We can change the argument value args.encoder_attn_temp, args.decoder_attn_temp, and args.cross_attn_temp in pred.py file to change the attention temperature during the teacher's inference process.

If we want to use a temperature value sampled from a uniform distribution U[64, 128], we can set args.encoder_attn_temp = -1, as well as args.decoder_attn_temp and args.cross_attn_temp.

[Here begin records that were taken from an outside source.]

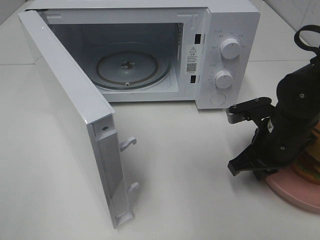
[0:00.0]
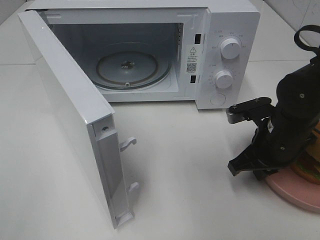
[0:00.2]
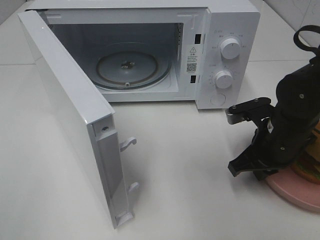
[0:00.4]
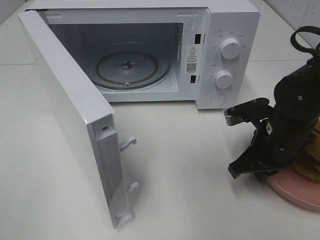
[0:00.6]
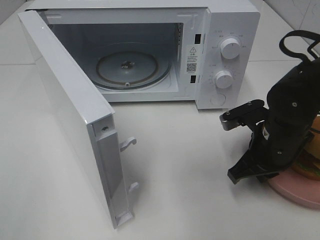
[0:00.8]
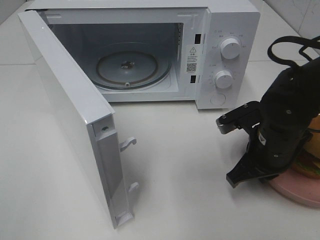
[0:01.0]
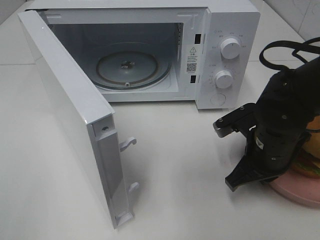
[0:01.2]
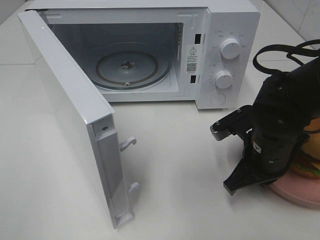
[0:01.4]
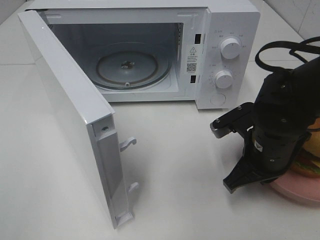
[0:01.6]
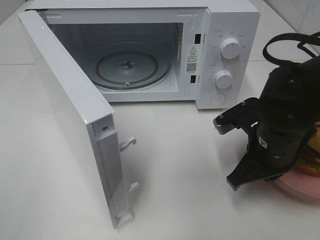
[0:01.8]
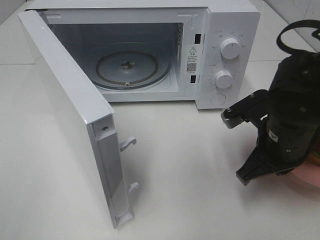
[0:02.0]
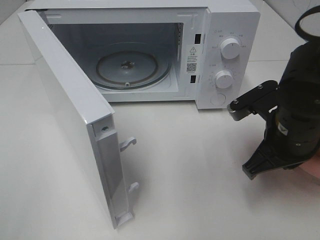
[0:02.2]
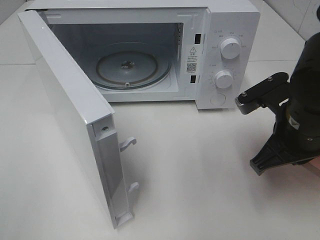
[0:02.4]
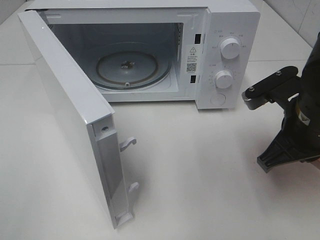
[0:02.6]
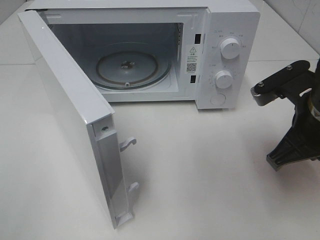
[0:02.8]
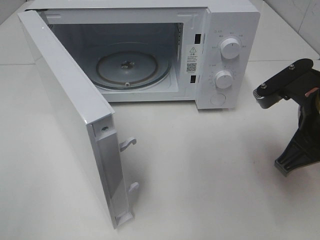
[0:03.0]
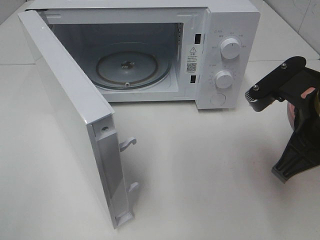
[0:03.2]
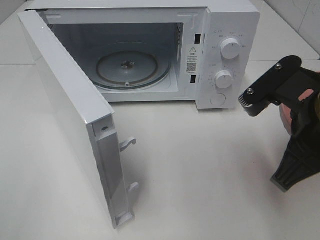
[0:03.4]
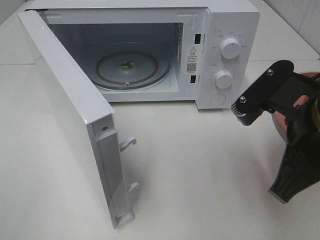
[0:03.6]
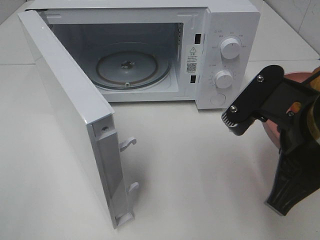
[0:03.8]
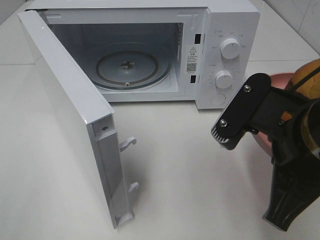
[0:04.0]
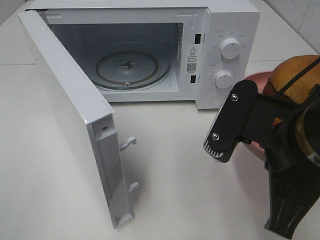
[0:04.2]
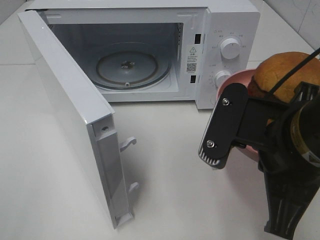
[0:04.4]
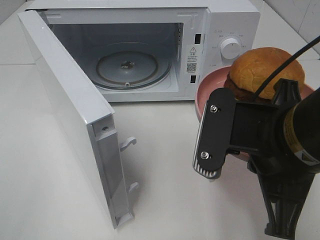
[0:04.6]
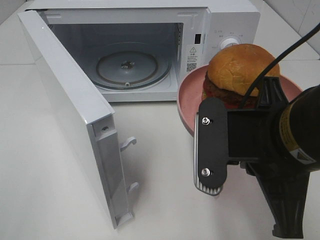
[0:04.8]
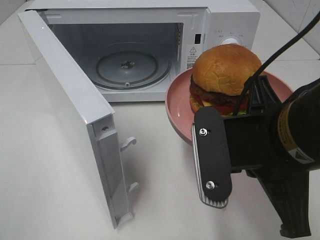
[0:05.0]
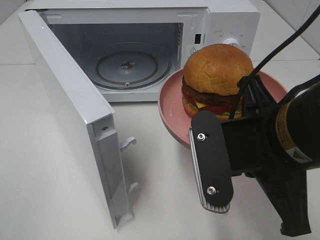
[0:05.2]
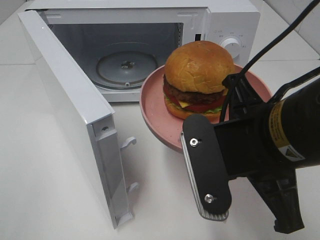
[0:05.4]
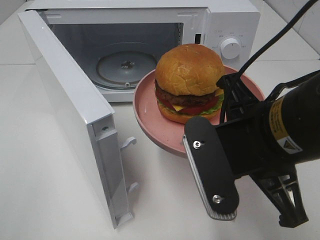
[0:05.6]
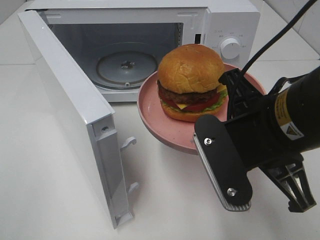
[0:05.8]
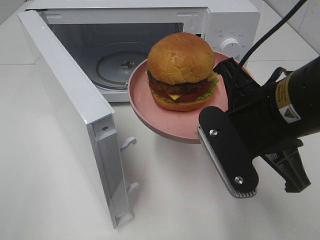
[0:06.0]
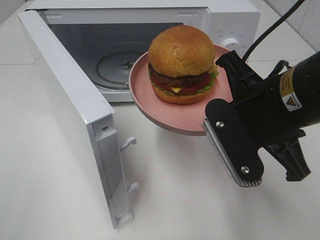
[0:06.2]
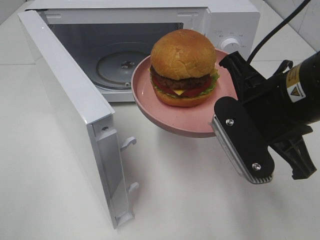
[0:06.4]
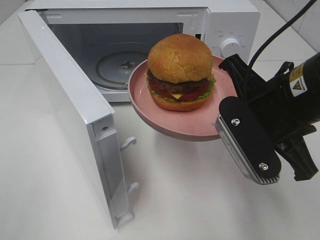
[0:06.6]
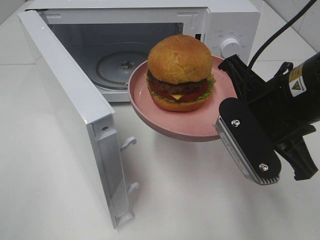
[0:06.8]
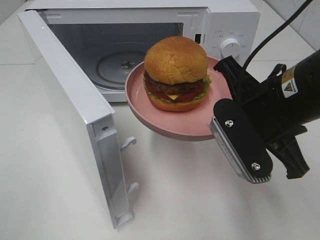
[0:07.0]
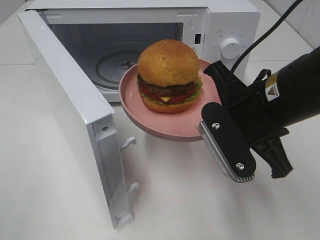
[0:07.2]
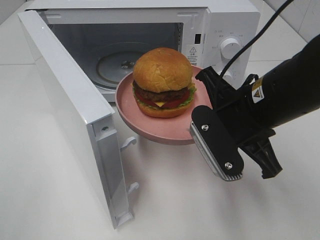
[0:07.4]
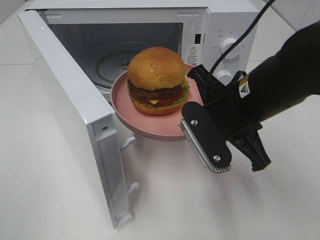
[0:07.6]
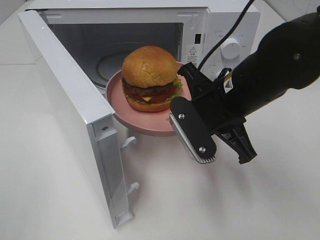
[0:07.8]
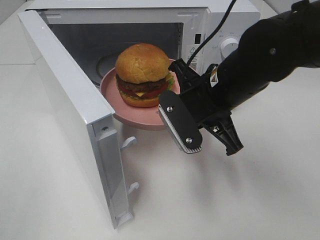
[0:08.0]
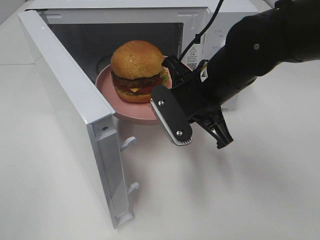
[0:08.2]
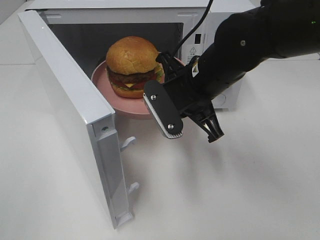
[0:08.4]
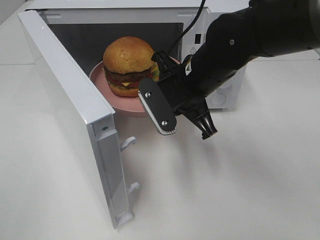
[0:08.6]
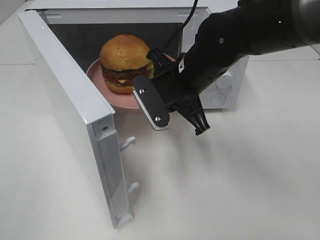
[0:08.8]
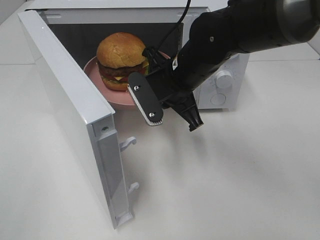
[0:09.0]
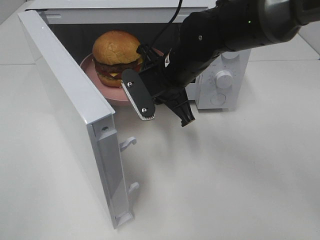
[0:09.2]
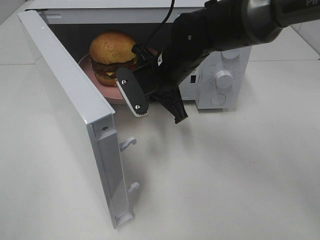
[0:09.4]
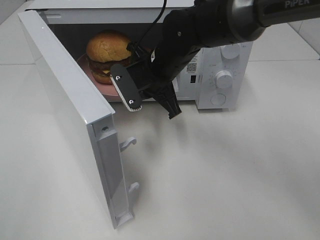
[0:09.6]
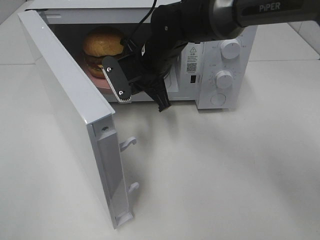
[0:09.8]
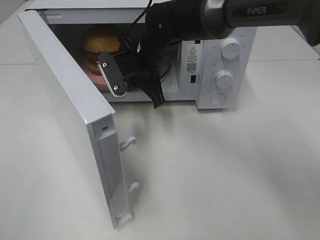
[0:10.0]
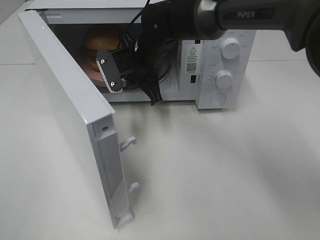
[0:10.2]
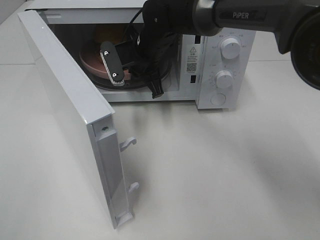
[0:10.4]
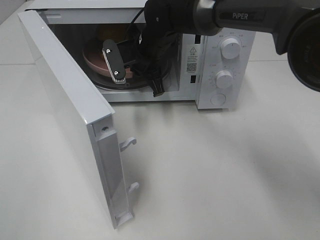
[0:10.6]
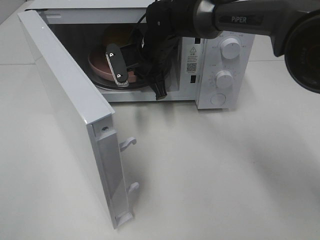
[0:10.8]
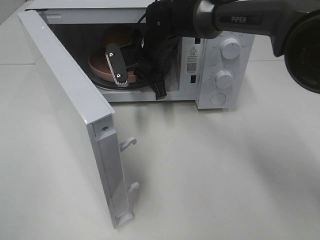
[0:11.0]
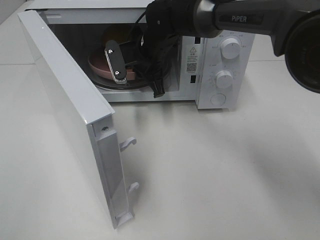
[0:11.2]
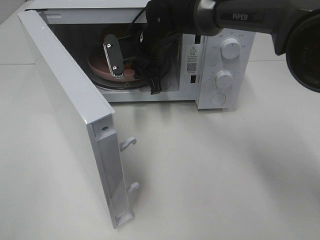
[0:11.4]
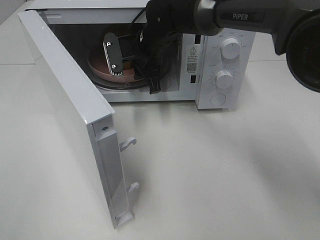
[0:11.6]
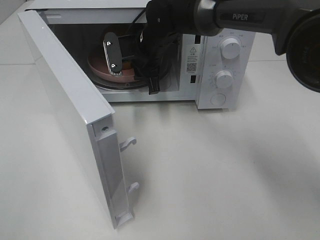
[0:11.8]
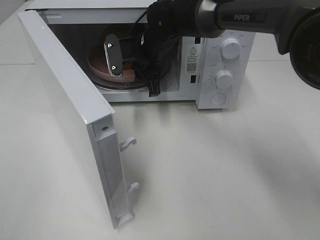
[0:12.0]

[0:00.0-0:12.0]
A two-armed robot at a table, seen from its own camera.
Task of the whole recording: Heat the burger.
Step, 0:00.0 to 0:11.4: Right hand: place the plate in the microwave.
0:00.0 to 0:01.6: There are only small adjustments of the grippers.
0:01.6 to 0:03.0: The right gripper heads upward, covering some 10 cm.
0:03.0 to 0:04.4: The right gripper is displaced to the left and backward by about 10 cm.
0:06.0 to 0:07.6: The right gripper shifts roughly 5 cm forward.
0:07.6 to 0:09.0: The right gripper shifts some 10 cm forward and to the left.
0:09.0 to 0:10.4: The right gripper heads forward and to the left, covering roughly 10 cm.
0:10.4 to 0:12.0: The right gripper opens up.

We then generate pseudo labels with the teacher that has higher attention temperature. We provide the pred.py to predict on the input file. You can use a separate virtual environment in which the fairseq is not installed to ensure that the dependencies called from the pred.py are all under the source directory fairseq_src.

We provide a script run_generating_pl.sh to generate pseudo labels. To accelerate the generating process, we split the source document of train data to multiple pieces and use the teacher to inference on each piece simultaneously. When all the predictions finish, we merge all the predictions to the needed train.target file.

Reordering Layers

To choose some specified layers like the 1st, 6th, 11th layer, we first reorder the specified layer weights to the first several layers with the script layer_reorder.py. For example, we want to use the 1st, 6th, 11th layer, we reorder these three layers' weights to the first three layers, i.e., 0th, 1st, 2nd layer.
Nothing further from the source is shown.